Mind you, this silly game is being played around the world. Several countries have launched similarly speculative large-scale floating wind projects, and many more are talking about it. Of course, they are also talking about mass-scale hydrogen, EVs, and net zero. It is all part of the same green nonsense.

As for the American floating wind fantasy, stay tuned to CFACT as this engineering comedy unfolds.
Watts Up With That?

9 thoughts on “Floating Circus: Offshore Wind Industry’s Floating Turbine Plan Scoops Parody Award

  1. Ice is melting oceans are rising but apparently ‘the science’ doesn’t mention water displacement.
    Put all the MPs for environmental protection in a full bath & it wouldn’t overflow: no substance.
    So much for the laws of physics. Perhaps MPs for science could explain where the carbon comes from to make steel out of iron.
    AUs leading xspurts (x the unknown factor & spurt a drip under pressure) on nuclear energy keep saying plants are too big, take too long to build & are too expensive.
    Queensland has no upper house so I suggest we are too over-governed by the too over paid.
    Keep all kids away from parliaments; it gives them the wrong idea on acceptable behaviour.

    I didn’t get STT emails 2, 3, & 4th Dec. & WordPress said site not found.

      1. I have not received your Email.

        Have you got mine?
        I have noticed the censure and wrote a report on
        eike-klima-energie.eu/2023/12/03/die-zensur-unliebsamer-webseiten-geht-weiter-hier-stopthesethings-australien/

        And I wrote to wordpress,, automaticc , they respond evasively

        All the best to you and the group
        Andy

  2. In 1930, Claude George, a student of Jacques Arsène d’Arsonval, built a 22 kWe ocean thermal system near Matanzas, Cuba. It was destroyed in a storm. Then he built one in 1935 on a 10,000 ton barge of the coast of Brazil. It was destroyed before it produced any power. Why would floating wind turbines be any different? The 120 kWe plant built by Tokyo Electric Power Company at Nauru, which consumes 90 kWe to run itself and delivers 30 kWe to a village and school, has not yet been destroyed. When it is, will environists (the “mental” part was consciously removed) howl about the ammonia pollution?

    As far as transmitting power to shore, somebody has surely proposed microwaves, as they’ve done for orbiting solar panels. Just another way for wind to kill birds.

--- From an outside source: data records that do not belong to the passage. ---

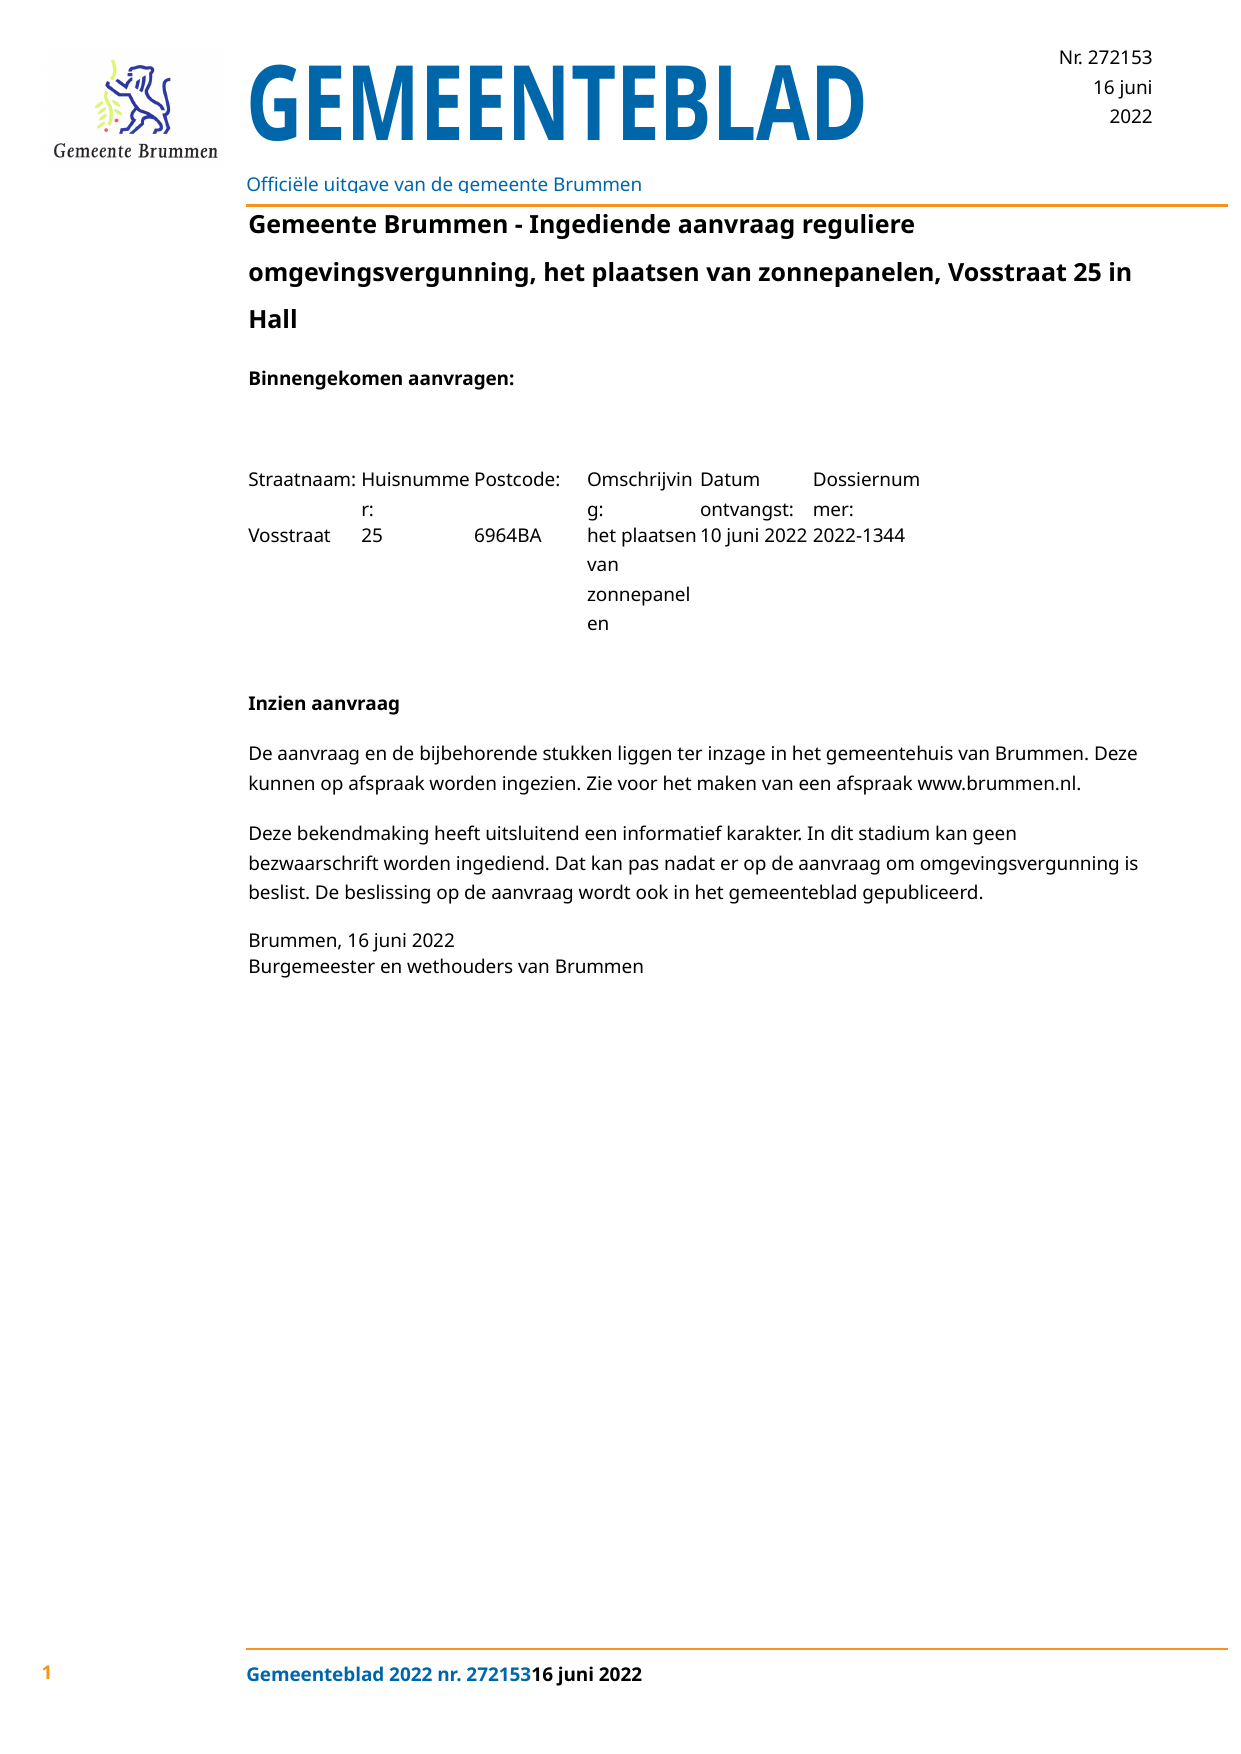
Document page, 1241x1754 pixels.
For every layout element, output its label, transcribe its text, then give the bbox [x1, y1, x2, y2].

table_cell [926, 522, 1038, 636]
text Gemeente Brummen - Ingediende aanvraag reguliere omgevingsvergunning, het plaatsen van zonnepanelen, Vosstraat 25 in Hall [248, 207, 1152, 336]
text Binnengekomen aanvragen: [248, 366, 1152, 391]
table_cell [1039, 522, 1152, 636]
table_header [1039, 466, 1152, 522]
table_cell 2022-1344 [813, 522, 926, 636]
table_cell Vosstraat [248, 522, 361, 636]
text De aanvraag en de bijbehorende stukken liggen ter inzage in het gemeentehuis van Brummen. Deze kunnen op afspraak worden ingezien. Zie voor het maken van een afspraak www.brummen.nl. [248, 740, 1152, 796]
table_header [926, 466, 1038, 522]
text Inzien aanvraag [248, 690, 1152, 716]
text Brummen, 16 juni 2022 [248, 927, 1152, 953]
table_header Postcode: [474, 466, 587, 522]
text Burgemeester en wethouders van Brummen [248, 953, 1152, 979]
table_cell 25 [361, 522, 474, 636]
table_cell 10 juni 2022 [700, 522, 813, 636]
table_cell 6964BA [474, 522, 587, 636]
text Deze bekendmaking heeft uitsluitend een informatief karakter. In dit stadium kan geen bezwaarschrift worden ingediend. Dat kan pas nadat er op de aanvraag om omgevingsvergunning is beslist. De beslissing op de aanvraag wordt ook in het gemeenteblad gepubliceerd. [248, 820, 1152, 905]
table_header Huisnummer: [361, 466, 474, 522]
table_header Datum ontvangst: [700, 466, 813, 522]
picture [41, 47, 231, 172]
table_header Dossiernummer: [813, 466, 926, 522]
table_header Straatnaam: [248, 466, 361, 522]
table_header Omschrijving: [587, 466, 700, 522]
table_cell het plaatsen van zonnepanelen [587, 522, 700, 636]

    On important metric that needs to be considered in every scheme is Energy Return on Energy Invested, or EROI, as eloquently described by Daniel Weißbach et al in “Energy intensities, EROIs (energy return on invested), energy payback times of electricity generating plants,” Energy 52, pp 210-221 (April 2013) http://dx.doi.org/10.1016/j.energy.2013.01.029. Solar and wind with storage clock in at 4. Economic viability requires 7. Nuclear power plants operated for eighty years clock in at 250. Rome, powered by slaves and asses, clocked in at 2. Space-based would clock in at less than 1.